• What needs to be done: Copy each line of the entries below that contains the string "right".

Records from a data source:
◆ ◆ ◆ ◆ ◆ ◆ ◆

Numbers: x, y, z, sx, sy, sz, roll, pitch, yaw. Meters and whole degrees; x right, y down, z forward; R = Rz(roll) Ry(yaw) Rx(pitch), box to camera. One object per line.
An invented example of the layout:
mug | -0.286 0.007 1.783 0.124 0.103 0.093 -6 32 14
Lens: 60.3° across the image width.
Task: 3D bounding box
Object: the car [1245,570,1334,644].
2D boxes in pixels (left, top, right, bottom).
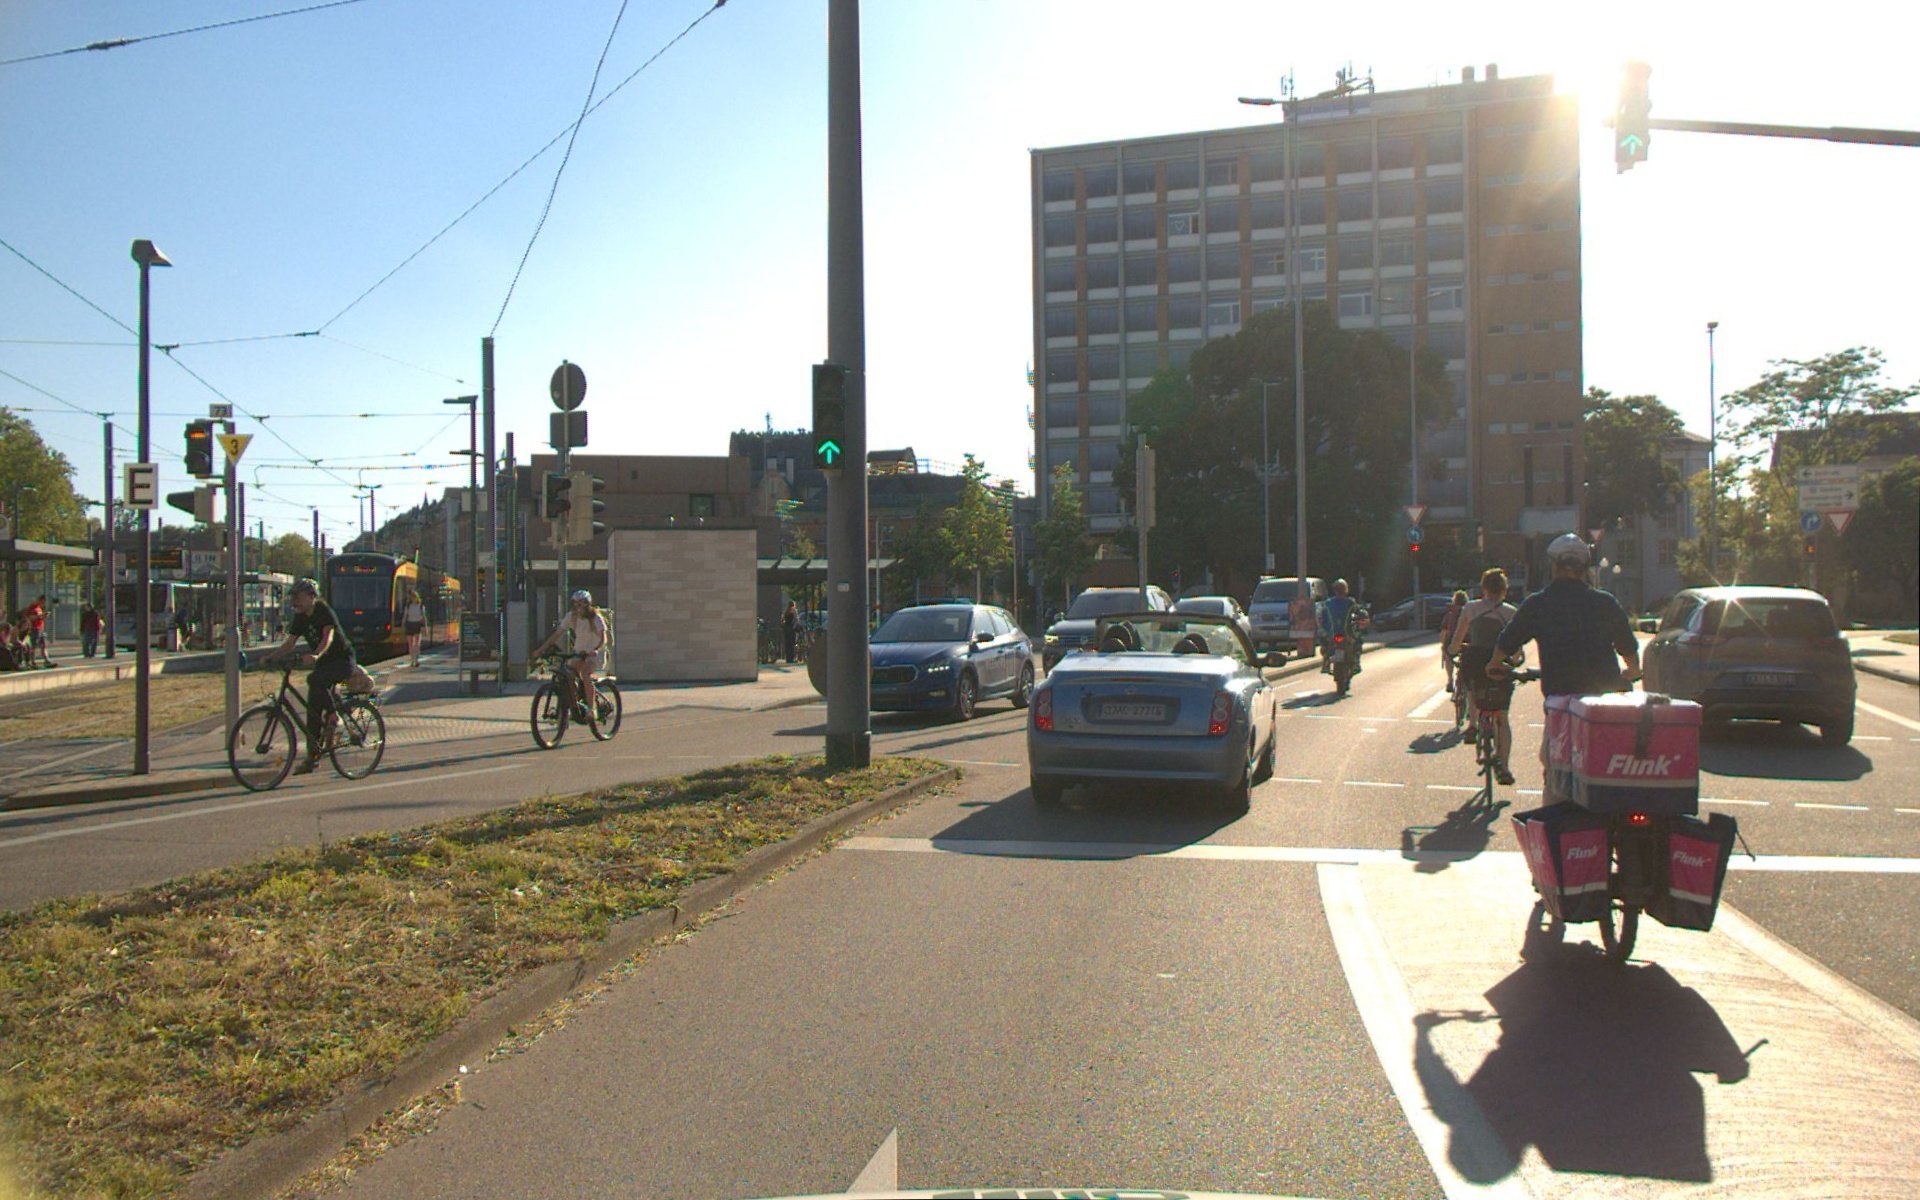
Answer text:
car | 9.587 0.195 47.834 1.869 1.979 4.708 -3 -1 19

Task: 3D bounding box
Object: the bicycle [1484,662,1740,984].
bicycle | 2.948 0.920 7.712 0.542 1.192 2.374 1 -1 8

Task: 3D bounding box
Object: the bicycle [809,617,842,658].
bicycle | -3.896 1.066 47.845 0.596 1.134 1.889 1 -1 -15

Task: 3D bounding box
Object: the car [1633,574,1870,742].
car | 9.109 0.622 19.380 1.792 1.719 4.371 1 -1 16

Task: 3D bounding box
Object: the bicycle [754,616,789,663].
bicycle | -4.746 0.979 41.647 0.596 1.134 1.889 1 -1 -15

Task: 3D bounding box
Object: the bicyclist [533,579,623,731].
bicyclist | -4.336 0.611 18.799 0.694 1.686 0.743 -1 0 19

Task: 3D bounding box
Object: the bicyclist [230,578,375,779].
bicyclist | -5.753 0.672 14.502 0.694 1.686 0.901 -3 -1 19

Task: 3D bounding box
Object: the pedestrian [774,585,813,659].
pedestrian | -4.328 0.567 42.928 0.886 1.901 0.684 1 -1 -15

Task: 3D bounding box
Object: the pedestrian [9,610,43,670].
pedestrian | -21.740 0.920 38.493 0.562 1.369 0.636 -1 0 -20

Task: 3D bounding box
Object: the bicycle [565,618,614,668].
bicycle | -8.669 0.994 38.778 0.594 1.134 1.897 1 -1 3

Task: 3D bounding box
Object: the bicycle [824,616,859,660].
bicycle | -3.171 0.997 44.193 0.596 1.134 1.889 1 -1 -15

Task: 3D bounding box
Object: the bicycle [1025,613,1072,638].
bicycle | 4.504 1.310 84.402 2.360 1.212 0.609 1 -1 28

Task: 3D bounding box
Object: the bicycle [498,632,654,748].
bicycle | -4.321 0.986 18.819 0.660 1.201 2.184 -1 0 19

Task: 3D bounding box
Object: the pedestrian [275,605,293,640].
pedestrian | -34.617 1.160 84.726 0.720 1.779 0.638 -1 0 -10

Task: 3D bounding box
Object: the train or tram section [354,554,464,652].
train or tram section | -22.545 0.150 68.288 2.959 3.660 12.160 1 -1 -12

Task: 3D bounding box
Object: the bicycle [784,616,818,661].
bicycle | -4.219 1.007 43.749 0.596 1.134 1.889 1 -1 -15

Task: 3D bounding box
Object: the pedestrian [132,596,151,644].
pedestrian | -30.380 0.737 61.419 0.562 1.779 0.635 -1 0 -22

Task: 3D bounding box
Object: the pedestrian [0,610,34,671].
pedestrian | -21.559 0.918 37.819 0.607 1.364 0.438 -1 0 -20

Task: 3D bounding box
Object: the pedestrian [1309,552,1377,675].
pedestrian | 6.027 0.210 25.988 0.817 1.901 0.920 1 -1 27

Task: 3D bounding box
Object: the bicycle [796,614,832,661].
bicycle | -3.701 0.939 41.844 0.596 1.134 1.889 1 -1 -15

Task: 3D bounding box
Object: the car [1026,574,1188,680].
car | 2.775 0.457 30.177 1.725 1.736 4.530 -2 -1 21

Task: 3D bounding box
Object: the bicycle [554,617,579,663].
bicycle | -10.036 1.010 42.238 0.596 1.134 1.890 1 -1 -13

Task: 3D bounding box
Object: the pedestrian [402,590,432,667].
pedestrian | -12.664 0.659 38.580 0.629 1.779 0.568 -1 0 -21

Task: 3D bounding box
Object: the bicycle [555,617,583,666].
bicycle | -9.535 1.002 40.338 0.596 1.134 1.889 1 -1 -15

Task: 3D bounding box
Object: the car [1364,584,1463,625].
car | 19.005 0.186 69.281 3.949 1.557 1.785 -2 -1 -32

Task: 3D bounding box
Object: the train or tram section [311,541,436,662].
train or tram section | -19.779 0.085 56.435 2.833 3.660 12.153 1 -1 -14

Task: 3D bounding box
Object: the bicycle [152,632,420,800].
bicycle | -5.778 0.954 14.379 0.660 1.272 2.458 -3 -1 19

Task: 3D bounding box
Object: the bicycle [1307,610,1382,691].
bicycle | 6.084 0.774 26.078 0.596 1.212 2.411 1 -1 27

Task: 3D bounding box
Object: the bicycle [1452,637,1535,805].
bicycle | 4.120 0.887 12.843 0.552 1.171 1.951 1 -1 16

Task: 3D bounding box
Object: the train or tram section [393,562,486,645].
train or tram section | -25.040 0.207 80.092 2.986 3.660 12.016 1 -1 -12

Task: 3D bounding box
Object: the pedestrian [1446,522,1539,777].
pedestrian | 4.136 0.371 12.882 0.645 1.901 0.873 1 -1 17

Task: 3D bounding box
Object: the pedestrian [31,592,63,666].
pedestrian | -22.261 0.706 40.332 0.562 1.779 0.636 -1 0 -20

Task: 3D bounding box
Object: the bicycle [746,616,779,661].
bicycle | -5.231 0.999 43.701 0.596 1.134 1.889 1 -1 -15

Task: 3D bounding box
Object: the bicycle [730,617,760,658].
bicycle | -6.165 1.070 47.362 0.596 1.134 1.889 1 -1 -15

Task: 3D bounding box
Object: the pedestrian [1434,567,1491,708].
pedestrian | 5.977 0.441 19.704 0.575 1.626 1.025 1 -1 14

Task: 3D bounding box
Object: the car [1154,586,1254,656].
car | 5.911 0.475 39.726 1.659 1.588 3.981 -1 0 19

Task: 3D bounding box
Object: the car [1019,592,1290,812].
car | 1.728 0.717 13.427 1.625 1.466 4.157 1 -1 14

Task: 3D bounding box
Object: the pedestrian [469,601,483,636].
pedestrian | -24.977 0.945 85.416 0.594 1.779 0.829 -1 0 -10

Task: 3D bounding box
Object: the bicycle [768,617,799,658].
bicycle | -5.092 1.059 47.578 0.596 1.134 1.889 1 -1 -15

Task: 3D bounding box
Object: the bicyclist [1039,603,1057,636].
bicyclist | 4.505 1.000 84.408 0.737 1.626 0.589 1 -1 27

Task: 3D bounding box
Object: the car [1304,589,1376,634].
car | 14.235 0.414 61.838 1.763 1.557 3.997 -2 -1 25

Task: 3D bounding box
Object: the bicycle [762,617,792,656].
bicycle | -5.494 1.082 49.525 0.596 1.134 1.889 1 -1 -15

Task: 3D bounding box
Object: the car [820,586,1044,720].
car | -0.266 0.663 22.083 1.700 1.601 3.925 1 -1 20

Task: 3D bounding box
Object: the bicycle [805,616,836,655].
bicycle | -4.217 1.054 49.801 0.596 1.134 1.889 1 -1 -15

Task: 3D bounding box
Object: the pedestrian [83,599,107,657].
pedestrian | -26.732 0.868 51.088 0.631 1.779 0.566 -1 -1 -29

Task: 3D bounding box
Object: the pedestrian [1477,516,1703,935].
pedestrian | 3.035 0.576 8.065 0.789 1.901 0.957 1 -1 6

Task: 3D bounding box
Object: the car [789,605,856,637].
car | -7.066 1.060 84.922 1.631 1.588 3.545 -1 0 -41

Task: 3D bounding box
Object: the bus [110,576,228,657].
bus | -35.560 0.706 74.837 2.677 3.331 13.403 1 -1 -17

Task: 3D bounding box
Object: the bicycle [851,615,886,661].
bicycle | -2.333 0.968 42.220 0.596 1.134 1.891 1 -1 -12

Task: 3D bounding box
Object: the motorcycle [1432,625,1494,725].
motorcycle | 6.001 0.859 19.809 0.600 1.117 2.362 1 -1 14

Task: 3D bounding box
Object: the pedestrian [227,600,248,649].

◆ ◆ ◆ ◆ ◆ ◆ ◆

• Task response:
Numbers: x, y, z, sx, sy, sz, roll, pitch, yaw. Meters and whole degrees; x right, y down, z forward; R = Rz(roll) Ry(yaw) Rx(pitch), box to camera. One object per line.
2D boxes in pixels (left, top, right, bottom).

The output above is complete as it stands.